Eric Betz: One Freaky Dude

Written by Elise Glaser

In 2004 at a high school in Crothersville, Ind. a spread featured in the yearbook entitled “Body Decorations” incited an uproar amongst members of the school board. The spread was dedicated to students’ and teachers’ tattoos and piercings. The same year, in Henry County, Ga. a teenage boy was given in-school suspension for a month for violating the dress code by showing up to school sporting eyebrow, nose, labret, and tongue piercings. His mother ended up homeschooling him following the incident.

Photo by Phillip Engh

13 years later, the attitude towards piercings is dramatically different. If you take a look around the Colorado College campus, it appears that many people have something pierced, whether it be their earlobes, cartilage, nose, eyebrow, or some other body part. Piercing is a popular form of self-expression among teens and young adults in this day and age. CC students comprise a portion of the customer base for tattoo and piercing venues in Colorado Springs, including a purple house on Platte Avenue called Freaky’s.

Freaky’s is quite the sight inside and out. Giant pieces of jewelry hang from the purple porch, including hoops, industrials, and septum rings. Inside, visitors are greeted by an impressive display of smoking devices and friendly employees. The artistry takes place upstairs, where a black reclining chair sits surrounded by all sorts of tools for piercing and tattooing. The owner of the shop, Eric Betz, waits at the top of the stairs to greet those who make it beyond the entry. Betz has been in the piercing industry for about 16 years.
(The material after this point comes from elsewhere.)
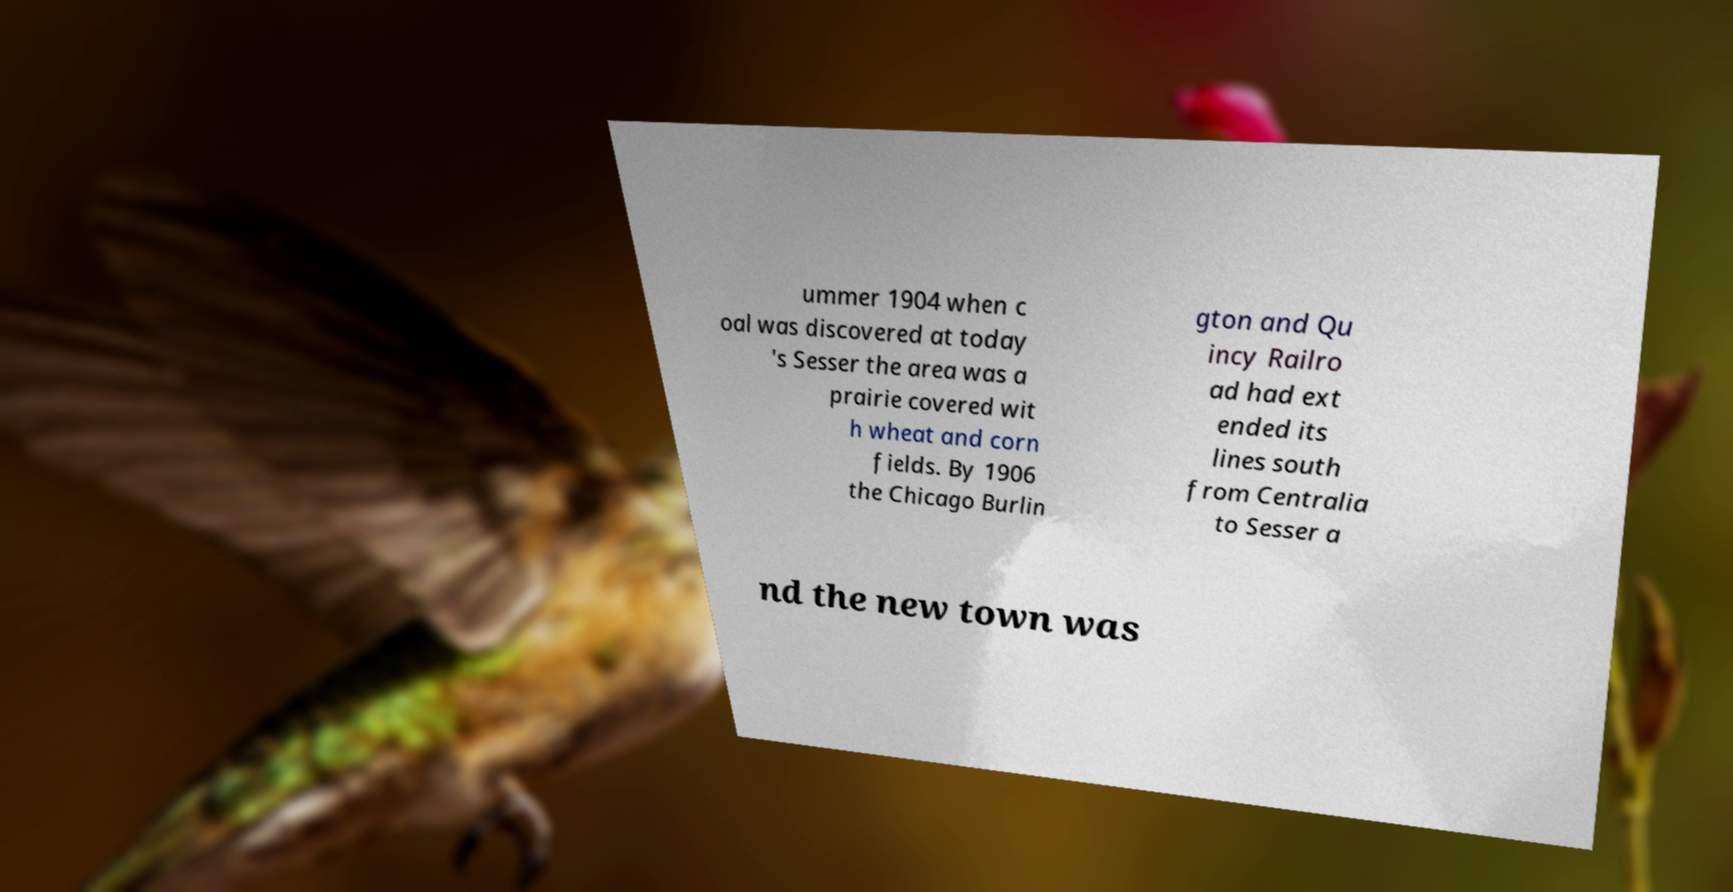Please read and relay the text visible in this image. What does it say? ummer 1904 when c oal was discovered at today 's Sesser the area was a prairie covered wit h wheat and corn fields. By 1906 the Chicago Burlin gton and Qu incy Railro ad had ext ended its lines south from Centralia to Sesser a nd the new town was

He spent most of his time working in New York, but came to Colorado Springs for two primary reasons:  “This city doesn’t really have a lot of regulations, so a lot of jackasses tend to work around here.” Betz explained, “I kind of want to be the antidote to all of that.” His second reason: “It’s pretty here.”
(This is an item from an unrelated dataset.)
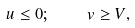<formula> <loc_0><loc_0><loc_500><loc_500>u \leq 0 ; \quad v \geq V ,</formula>

Betz became interested in piercing at a young age, mainly due to his mother. “My mom used to take me to tattoo shops my whole life,” he said. “I probably was in the first one that I was ever in when I was like five or six. She’d take me while she would get tattooed and it kept going on from there.” Although Betz initially wanted to be a nurse, he instead opted for piercing because it is still something of a medical practice, but “without all the trauma and drama.” When he was 16 years old, Betz watched people get piercings. A year later, he started piercing his friends, and the rest is history. When Betz first started 15 years ago, he owned the only tattoo and piercing shop in town. Betz said that he would occasionally get visitors who criticized his shop for “performing the devil’s work.” One particular incident stood out above the rest: “I had a lady try to curse us once,” Betz recalled. “She came in the day before and tried to yell something at us. We came in the next day and there was a baby shoe at our door. We picked it up and these Viking rune stones fell out of it. We asked a few people and turns out, she had put a curse on us.”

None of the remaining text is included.